[Saved data entries]
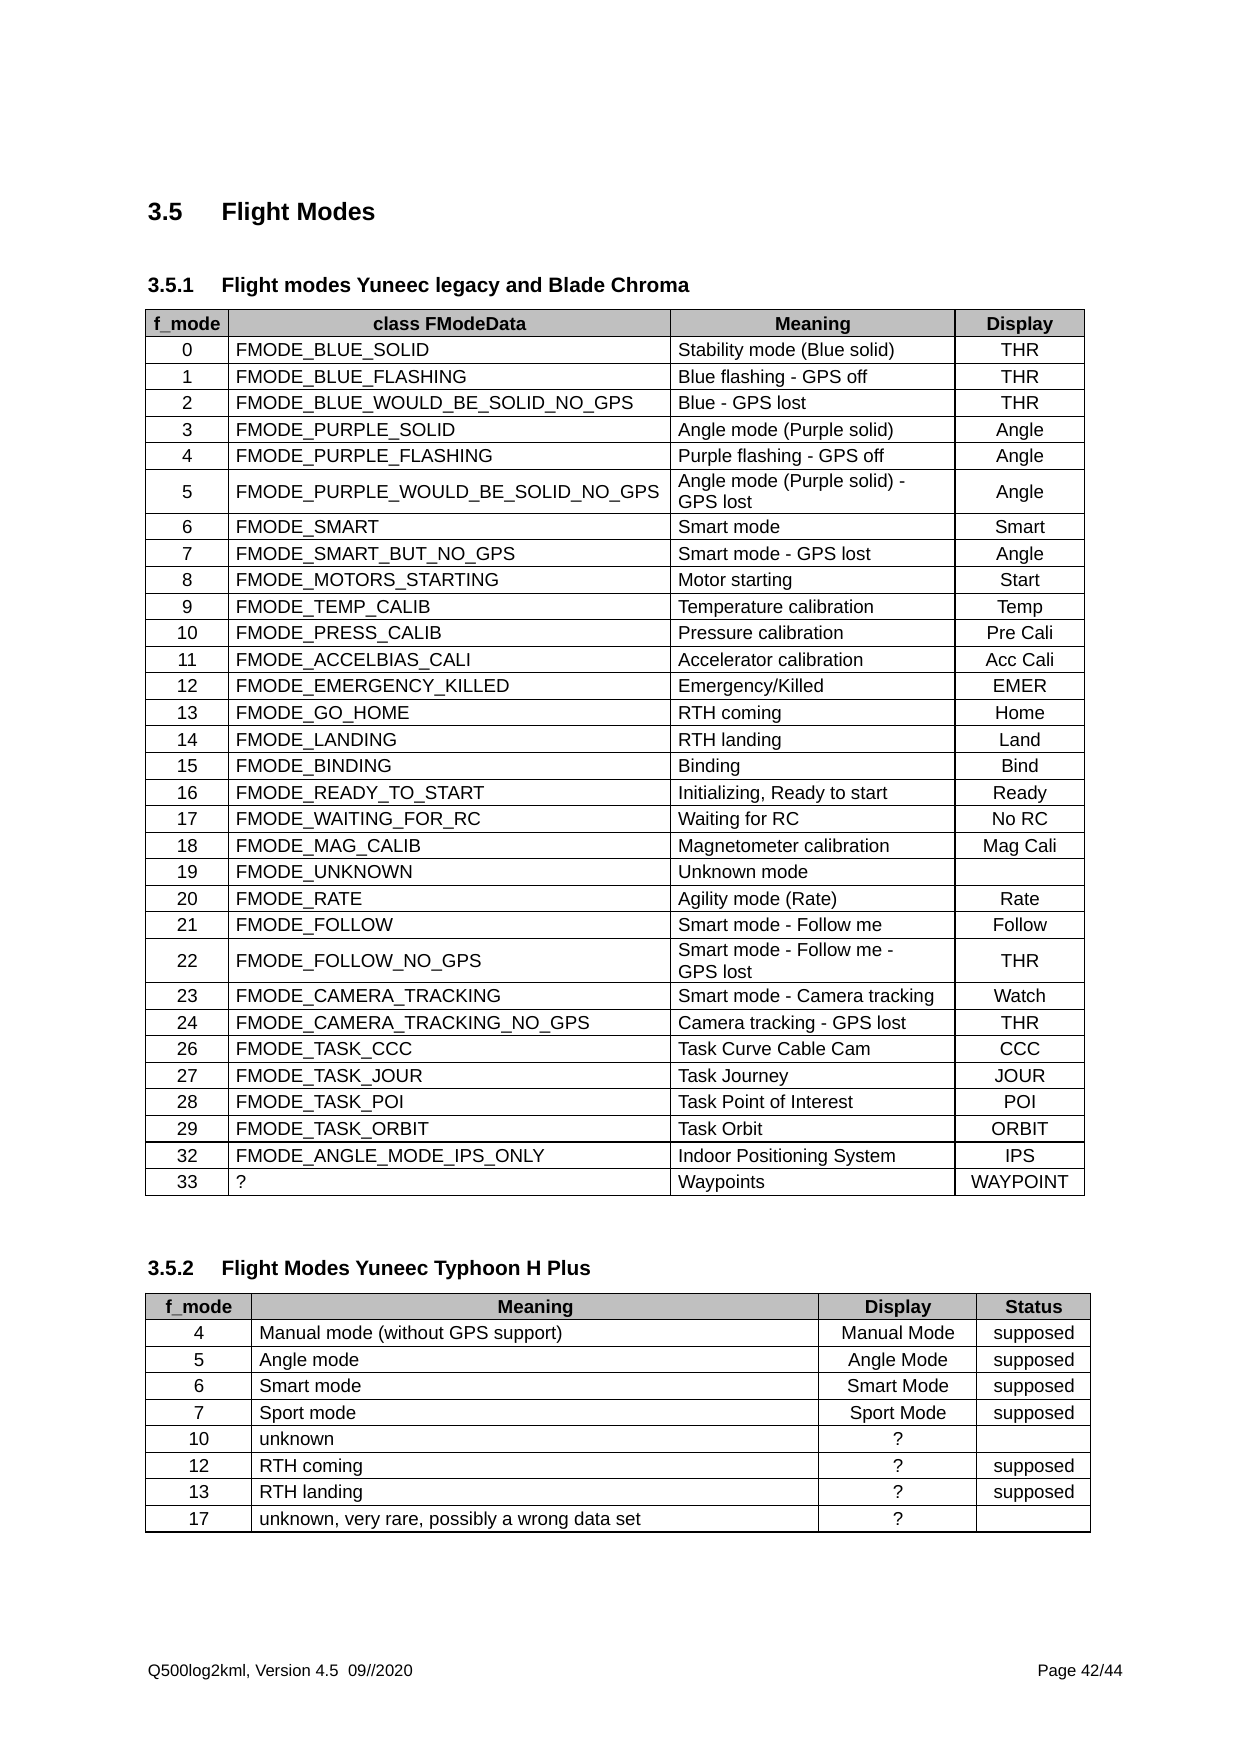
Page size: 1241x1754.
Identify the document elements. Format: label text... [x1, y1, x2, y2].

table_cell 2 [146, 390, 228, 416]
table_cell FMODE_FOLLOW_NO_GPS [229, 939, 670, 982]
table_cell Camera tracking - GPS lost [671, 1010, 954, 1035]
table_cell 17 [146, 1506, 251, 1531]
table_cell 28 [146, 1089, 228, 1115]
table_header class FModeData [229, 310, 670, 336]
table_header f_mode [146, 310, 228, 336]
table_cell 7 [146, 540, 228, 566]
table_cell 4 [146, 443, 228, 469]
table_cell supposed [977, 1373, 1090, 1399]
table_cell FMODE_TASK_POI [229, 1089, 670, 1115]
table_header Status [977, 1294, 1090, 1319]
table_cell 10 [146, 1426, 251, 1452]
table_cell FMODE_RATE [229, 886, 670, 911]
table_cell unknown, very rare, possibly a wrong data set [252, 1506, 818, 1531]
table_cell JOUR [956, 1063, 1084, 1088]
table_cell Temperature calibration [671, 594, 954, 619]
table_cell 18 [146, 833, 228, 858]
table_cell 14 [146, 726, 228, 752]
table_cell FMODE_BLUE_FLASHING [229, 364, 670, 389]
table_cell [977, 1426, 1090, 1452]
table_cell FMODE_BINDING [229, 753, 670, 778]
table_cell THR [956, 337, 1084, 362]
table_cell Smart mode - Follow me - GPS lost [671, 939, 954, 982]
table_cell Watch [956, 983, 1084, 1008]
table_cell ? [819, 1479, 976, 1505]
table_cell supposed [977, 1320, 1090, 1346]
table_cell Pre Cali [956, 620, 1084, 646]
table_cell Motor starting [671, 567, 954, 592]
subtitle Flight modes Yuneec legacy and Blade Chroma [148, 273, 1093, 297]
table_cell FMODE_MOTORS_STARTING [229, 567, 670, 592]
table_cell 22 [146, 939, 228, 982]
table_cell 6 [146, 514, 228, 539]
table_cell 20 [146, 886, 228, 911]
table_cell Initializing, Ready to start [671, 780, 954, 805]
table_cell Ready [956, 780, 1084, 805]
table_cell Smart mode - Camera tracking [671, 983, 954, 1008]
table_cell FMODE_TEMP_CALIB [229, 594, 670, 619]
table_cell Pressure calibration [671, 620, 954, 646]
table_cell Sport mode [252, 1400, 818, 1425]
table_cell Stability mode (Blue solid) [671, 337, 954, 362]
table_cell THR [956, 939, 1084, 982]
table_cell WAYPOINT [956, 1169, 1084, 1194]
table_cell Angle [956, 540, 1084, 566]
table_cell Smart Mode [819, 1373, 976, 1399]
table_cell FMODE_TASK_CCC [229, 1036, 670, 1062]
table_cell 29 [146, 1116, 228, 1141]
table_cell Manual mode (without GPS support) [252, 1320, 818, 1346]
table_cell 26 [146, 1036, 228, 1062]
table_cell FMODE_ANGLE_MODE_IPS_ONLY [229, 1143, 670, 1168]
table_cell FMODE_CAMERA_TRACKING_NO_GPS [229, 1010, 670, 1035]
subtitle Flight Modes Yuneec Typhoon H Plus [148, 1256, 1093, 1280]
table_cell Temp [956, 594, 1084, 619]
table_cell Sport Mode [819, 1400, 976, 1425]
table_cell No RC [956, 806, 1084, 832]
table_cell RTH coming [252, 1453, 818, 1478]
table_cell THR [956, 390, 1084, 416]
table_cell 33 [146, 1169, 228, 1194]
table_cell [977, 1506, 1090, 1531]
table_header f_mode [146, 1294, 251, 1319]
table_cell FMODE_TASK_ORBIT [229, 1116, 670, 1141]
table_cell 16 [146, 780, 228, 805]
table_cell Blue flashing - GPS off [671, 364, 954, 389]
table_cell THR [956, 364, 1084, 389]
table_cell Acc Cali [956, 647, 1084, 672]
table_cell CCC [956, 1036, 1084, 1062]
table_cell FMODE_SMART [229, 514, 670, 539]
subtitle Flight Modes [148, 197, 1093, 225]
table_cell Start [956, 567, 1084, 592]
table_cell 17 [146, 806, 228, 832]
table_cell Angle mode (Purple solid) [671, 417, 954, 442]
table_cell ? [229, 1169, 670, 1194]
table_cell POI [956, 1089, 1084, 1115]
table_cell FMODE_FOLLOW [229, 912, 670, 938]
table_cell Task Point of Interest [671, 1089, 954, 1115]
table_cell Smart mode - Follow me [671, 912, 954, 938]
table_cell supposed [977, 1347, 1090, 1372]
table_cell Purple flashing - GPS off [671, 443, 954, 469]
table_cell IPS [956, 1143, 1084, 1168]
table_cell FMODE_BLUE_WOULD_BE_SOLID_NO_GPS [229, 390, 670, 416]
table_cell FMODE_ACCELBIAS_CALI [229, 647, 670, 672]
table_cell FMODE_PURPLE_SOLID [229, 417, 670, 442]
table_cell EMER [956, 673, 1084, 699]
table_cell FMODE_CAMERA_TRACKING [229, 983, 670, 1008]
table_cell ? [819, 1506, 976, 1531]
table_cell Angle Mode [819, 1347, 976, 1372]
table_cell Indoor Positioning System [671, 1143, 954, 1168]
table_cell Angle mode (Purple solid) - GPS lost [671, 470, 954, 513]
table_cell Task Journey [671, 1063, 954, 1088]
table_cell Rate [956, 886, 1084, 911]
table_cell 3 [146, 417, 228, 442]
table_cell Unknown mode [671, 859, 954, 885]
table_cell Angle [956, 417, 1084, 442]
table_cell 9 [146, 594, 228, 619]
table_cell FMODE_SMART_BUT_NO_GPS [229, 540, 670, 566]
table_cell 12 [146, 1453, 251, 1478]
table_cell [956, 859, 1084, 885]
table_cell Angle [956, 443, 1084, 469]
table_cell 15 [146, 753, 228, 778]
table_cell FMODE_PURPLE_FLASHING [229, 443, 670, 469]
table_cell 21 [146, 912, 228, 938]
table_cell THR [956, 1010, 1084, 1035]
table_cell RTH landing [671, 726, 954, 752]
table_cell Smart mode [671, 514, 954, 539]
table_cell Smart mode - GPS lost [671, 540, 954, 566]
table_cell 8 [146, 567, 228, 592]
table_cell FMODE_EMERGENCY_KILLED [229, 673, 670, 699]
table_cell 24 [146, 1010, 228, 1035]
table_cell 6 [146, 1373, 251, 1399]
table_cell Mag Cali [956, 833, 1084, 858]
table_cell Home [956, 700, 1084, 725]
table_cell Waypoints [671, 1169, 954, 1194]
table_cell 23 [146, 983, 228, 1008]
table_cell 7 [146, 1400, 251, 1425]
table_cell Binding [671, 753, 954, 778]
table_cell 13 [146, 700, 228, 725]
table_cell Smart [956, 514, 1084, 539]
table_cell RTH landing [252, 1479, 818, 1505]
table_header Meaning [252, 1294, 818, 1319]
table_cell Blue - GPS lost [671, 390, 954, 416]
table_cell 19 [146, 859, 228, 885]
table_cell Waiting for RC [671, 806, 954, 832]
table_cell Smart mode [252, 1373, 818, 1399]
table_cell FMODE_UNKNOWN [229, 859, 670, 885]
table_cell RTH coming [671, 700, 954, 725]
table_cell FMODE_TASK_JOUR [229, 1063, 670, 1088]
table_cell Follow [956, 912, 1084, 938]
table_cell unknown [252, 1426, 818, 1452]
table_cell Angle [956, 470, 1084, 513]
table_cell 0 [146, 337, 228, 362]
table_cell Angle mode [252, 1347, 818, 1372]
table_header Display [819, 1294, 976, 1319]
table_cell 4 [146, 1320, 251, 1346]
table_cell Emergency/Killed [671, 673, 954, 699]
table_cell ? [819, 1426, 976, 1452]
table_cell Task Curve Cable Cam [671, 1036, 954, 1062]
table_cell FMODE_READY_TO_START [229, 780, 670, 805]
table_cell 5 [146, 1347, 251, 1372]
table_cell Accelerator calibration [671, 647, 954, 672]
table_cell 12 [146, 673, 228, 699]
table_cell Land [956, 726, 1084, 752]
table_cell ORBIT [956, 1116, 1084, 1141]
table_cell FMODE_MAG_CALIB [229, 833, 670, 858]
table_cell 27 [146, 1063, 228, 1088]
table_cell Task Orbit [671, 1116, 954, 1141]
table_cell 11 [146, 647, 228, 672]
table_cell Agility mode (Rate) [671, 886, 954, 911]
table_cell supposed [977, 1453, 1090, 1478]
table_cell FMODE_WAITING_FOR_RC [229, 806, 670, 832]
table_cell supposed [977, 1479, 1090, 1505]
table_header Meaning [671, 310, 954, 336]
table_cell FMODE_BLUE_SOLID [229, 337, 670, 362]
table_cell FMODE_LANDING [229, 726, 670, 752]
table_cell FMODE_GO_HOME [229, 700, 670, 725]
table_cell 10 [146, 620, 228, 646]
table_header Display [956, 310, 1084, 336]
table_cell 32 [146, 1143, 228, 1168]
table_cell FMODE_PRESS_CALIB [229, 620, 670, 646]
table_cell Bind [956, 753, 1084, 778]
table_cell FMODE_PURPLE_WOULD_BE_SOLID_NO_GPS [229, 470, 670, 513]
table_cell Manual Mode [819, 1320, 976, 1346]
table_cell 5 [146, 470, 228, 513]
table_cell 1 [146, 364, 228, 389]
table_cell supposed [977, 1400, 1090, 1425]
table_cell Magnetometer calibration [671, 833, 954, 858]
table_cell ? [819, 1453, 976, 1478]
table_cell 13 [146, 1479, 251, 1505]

==

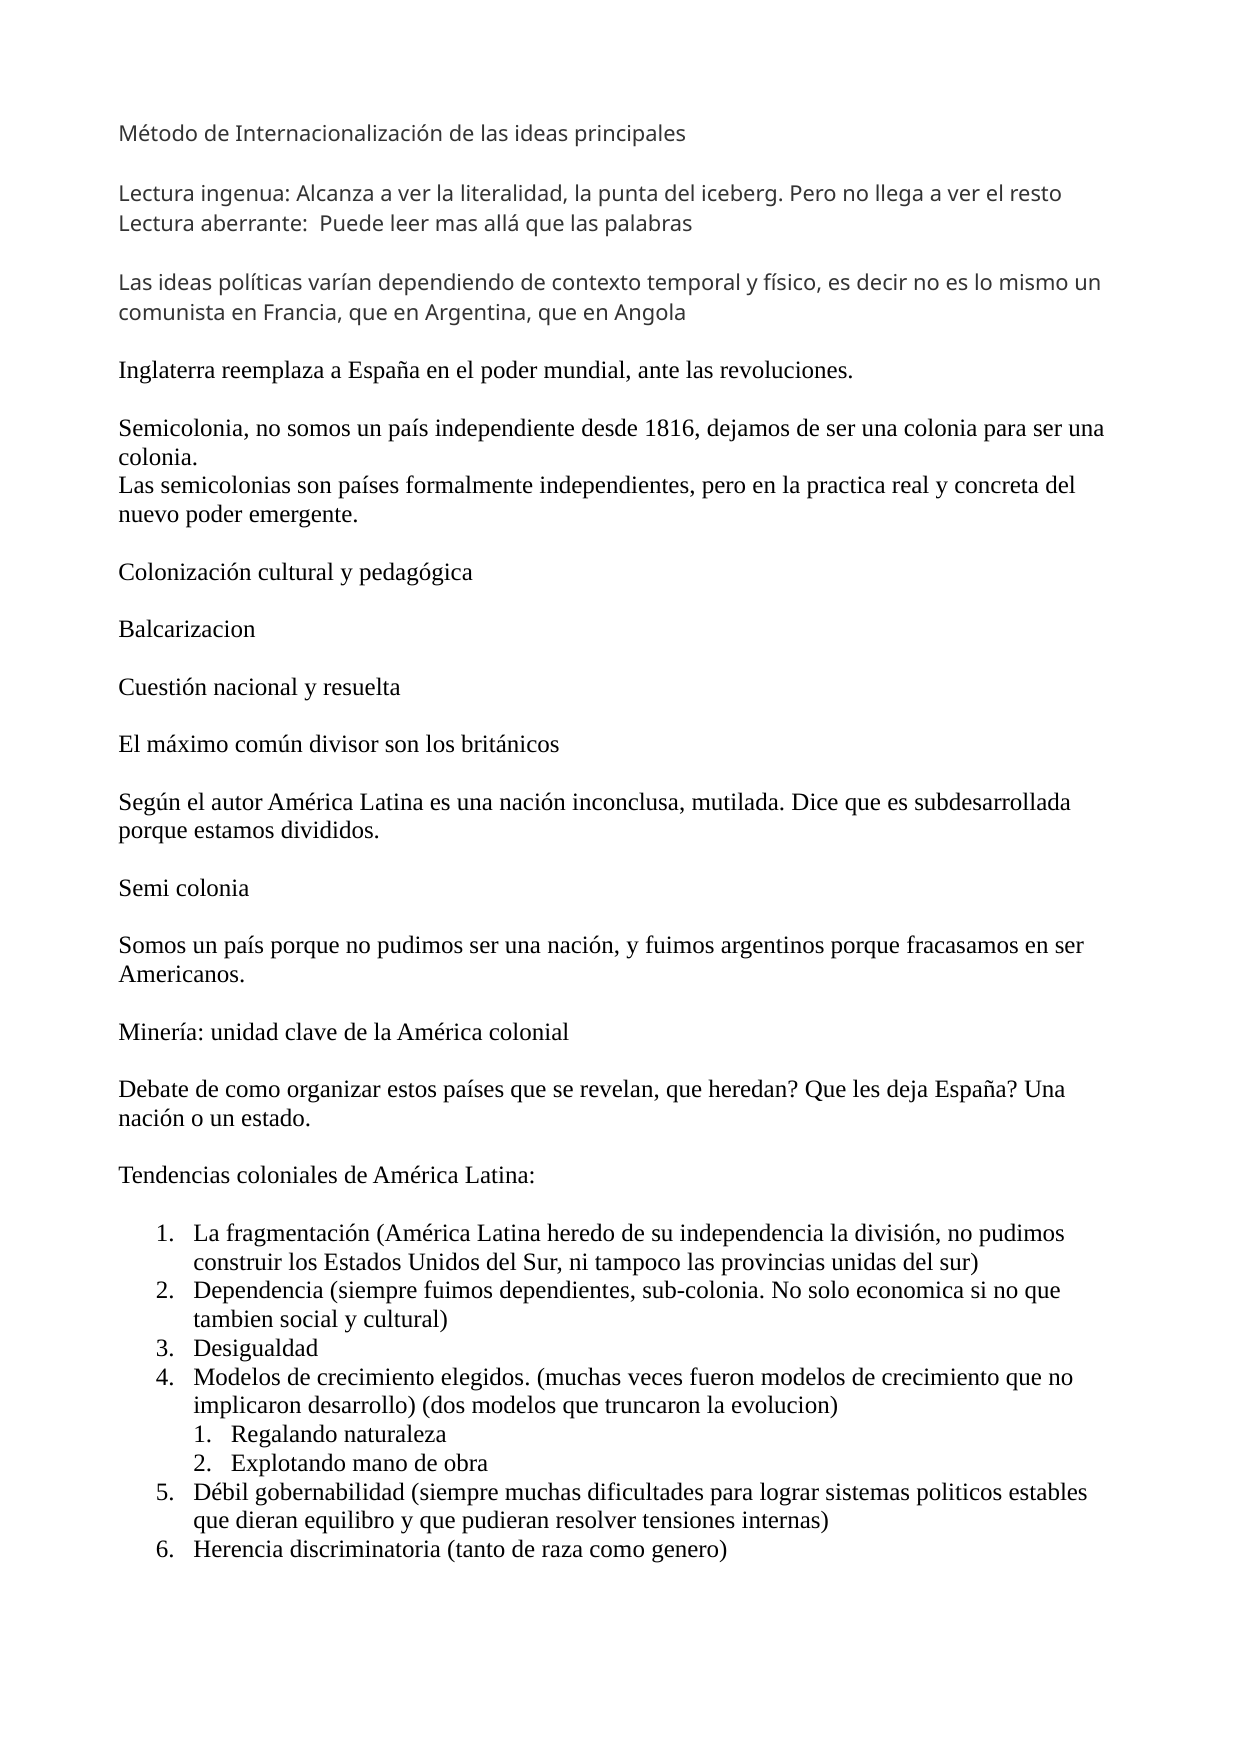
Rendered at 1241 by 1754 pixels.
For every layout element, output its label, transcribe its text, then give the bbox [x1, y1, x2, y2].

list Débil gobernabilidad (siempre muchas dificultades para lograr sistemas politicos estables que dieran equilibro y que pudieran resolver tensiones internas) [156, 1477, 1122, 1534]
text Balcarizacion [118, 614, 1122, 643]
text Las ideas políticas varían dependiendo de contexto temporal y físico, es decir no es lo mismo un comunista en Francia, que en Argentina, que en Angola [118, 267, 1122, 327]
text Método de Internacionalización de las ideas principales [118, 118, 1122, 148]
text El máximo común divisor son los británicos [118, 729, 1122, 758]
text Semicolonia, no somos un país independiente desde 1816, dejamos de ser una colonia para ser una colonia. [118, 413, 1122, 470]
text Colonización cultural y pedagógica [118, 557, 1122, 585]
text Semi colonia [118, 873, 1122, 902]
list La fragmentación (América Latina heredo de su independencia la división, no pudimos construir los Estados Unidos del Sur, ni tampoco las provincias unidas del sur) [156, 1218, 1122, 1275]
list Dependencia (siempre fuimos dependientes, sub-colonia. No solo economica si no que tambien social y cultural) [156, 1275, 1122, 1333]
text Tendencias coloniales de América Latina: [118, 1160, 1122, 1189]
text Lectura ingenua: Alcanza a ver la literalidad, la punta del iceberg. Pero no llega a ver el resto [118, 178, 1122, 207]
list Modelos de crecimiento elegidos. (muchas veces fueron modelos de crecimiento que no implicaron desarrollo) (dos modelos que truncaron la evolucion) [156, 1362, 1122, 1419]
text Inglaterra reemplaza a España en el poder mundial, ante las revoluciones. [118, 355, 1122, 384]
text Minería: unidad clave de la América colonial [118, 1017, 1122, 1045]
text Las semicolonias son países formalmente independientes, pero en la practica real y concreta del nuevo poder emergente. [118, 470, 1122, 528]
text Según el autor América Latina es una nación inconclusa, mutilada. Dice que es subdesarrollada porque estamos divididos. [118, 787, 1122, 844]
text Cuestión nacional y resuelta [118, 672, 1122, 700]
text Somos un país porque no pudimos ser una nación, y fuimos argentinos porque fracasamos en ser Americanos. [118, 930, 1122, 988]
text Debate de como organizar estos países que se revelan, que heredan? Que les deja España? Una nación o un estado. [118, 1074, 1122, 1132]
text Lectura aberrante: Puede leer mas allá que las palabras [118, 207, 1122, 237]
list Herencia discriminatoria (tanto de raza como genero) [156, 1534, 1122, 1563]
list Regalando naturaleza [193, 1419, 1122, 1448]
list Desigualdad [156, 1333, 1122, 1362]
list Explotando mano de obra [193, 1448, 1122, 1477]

-- Work order --
The required output is every line above from the one with "table_cell 12 [146, 1453, 251, 1478]" down to the one with "table_cell 23 [146, 983, 228, 1008]", restated word for word, ends included.

-- Task solution --
table_cell 12 [146, 1453, 251, 1478]
table_cell [956, 859, 1084, 885]
table_cell Angle [956, 443, 1084, 469]
table_cell 15 [146, 753, 228, 778]
table_cell FMODE_PURPLE_FLASHING [229, 443, 670, 469]
table_cell 21 [146, 912, 228, 938]
table_cell THR [956, 1010, 1084, 1035]
table_cell RTH landing [671, 726, 954, 752]
table_cell Smart mode [671, 514, 954, 539]
table_cell Smart mode - GPS lost [671, 540, 954, 566]
table_cell 8 [146, 567, 228, 592]
table_cell FMODE_EMERGENCY_KILLED [229, 673, 670, 699]
table_cell 24 [146, 1010, 228, 1035]
table_cell 6 [146, 1373, 251, 1399]
table_cell Mag Cali [956, 833, 1084, 858]
table_cell Home [956, 700, 1084, 725]
table_cell Waypoints [671, 1169, 954, 1194]
table_cell 23 [146, 983, 228, 1008]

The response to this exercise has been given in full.